- **ASSIGNMENT**
Gather each line of the records where "figure" appears.

- **DATA UNDER STUDY**
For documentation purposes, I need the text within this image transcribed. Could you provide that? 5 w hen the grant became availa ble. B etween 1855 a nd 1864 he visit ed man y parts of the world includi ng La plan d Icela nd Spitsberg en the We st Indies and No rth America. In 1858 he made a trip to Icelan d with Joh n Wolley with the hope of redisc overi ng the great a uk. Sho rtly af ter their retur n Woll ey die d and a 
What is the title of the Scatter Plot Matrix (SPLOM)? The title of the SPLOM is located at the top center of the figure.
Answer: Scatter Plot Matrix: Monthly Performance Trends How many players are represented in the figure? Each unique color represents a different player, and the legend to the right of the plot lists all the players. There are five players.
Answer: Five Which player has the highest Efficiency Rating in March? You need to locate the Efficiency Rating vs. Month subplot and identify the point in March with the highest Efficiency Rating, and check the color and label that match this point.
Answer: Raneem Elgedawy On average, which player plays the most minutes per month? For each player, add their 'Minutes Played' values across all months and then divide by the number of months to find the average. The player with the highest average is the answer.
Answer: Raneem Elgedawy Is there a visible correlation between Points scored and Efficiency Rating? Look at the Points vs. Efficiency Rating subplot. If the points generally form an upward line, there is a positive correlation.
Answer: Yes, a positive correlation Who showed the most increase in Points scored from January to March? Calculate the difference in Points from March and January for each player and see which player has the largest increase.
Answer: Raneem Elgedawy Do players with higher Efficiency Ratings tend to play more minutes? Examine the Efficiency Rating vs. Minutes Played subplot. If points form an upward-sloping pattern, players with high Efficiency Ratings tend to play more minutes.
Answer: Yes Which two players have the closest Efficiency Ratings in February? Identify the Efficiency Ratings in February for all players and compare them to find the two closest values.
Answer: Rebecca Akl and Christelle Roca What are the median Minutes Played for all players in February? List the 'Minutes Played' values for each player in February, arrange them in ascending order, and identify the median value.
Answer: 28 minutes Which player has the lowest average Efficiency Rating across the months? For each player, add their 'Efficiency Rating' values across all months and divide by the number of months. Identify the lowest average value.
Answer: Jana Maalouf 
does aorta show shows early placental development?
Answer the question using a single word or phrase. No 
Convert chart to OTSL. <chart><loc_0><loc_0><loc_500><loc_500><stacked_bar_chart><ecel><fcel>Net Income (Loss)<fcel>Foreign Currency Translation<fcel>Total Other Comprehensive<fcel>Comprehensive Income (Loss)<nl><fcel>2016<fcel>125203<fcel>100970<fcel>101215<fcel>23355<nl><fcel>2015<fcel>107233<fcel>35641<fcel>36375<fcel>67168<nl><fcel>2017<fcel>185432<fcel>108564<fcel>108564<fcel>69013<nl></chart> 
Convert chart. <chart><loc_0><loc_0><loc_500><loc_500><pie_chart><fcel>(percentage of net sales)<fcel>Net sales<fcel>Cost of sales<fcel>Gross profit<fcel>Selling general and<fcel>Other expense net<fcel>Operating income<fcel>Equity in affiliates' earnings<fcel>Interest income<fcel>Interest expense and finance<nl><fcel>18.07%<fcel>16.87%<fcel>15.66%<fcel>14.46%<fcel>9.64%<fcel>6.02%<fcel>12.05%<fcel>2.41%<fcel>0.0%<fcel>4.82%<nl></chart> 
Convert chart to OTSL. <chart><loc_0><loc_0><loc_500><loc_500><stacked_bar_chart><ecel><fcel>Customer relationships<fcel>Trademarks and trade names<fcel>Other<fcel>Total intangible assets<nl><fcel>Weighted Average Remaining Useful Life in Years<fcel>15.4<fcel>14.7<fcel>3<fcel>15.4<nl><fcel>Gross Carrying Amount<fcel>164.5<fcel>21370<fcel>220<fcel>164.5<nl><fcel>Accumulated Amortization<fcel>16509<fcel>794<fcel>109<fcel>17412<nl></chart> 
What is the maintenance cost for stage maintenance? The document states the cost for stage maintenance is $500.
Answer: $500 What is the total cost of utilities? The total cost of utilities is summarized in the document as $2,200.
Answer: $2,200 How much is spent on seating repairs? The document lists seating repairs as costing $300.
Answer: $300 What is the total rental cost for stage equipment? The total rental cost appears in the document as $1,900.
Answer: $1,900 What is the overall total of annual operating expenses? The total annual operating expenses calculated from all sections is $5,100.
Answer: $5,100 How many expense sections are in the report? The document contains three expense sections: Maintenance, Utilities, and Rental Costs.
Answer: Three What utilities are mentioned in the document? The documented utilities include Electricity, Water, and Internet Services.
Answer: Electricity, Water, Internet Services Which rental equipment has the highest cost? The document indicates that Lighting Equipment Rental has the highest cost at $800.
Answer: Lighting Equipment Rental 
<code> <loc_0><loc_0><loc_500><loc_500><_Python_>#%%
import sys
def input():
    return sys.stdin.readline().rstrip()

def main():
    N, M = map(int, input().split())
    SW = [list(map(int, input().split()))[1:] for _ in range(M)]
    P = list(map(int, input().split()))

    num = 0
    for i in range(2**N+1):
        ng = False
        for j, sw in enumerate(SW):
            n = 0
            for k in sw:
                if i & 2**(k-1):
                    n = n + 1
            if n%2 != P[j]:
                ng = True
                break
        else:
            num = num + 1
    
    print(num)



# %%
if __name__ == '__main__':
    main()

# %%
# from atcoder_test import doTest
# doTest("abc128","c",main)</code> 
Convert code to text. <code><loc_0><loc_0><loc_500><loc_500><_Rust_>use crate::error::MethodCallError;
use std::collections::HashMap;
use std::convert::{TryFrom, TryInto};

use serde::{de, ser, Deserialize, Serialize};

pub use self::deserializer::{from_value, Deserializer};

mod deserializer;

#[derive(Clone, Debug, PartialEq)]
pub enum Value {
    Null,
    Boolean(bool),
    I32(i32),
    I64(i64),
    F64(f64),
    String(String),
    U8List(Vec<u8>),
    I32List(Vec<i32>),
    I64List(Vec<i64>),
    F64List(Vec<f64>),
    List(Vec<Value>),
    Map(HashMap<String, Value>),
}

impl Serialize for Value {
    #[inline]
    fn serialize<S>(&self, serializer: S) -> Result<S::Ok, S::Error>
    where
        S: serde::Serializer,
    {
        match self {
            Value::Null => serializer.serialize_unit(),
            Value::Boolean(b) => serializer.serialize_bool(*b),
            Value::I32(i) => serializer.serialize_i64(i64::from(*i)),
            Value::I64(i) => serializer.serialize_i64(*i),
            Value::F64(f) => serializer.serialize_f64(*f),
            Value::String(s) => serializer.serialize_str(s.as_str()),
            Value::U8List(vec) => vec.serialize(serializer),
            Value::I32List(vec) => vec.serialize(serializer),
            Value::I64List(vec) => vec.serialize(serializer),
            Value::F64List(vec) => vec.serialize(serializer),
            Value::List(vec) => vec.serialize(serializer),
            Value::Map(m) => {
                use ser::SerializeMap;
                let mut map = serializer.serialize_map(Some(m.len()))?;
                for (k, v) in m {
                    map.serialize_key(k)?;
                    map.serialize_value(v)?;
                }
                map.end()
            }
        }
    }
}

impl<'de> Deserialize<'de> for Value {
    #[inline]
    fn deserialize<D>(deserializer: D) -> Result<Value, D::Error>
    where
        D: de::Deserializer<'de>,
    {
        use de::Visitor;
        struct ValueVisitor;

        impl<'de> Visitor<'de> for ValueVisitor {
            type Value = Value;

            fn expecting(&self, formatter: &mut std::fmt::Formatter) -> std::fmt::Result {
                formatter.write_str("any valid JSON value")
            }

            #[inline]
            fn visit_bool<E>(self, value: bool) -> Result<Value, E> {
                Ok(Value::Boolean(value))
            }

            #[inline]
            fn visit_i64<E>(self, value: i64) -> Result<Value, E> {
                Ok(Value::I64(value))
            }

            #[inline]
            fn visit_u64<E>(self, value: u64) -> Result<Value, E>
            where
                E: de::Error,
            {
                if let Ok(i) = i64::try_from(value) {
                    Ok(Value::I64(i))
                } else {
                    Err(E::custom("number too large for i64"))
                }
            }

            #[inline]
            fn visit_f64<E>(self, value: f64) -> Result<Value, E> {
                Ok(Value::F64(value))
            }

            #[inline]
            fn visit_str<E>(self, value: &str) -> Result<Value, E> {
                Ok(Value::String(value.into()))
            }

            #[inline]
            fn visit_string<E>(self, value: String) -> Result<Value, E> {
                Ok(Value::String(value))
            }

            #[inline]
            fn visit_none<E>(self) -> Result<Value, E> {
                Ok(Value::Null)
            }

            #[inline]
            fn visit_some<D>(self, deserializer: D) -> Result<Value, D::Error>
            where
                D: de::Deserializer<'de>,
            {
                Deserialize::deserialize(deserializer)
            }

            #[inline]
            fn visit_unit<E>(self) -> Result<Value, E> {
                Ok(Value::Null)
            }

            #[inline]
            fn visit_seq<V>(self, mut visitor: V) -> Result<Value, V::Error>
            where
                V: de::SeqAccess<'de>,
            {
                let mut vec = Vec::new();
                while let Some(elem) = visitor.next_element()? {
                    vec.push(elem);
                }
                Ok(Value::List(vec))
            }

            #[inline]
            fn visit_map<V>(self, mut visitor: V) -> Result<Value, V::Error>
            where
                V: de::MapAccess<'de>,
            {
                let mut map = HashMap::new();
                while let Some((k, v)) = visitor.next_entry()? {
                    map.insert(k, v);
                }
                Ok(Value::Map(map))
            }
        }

- **RESPONSE TO THIS TASK**
What is the title of the Scatter Plot Matrix (SPLOM)? The title of the SPLOM is located at the top center of the figure.
Answer: Scatter Plot Matrix: Monthly Performance Trends How many players are represented in the figure? Each unique color represents a different player, and the legend to the right of the plot lists all the players. There are five players.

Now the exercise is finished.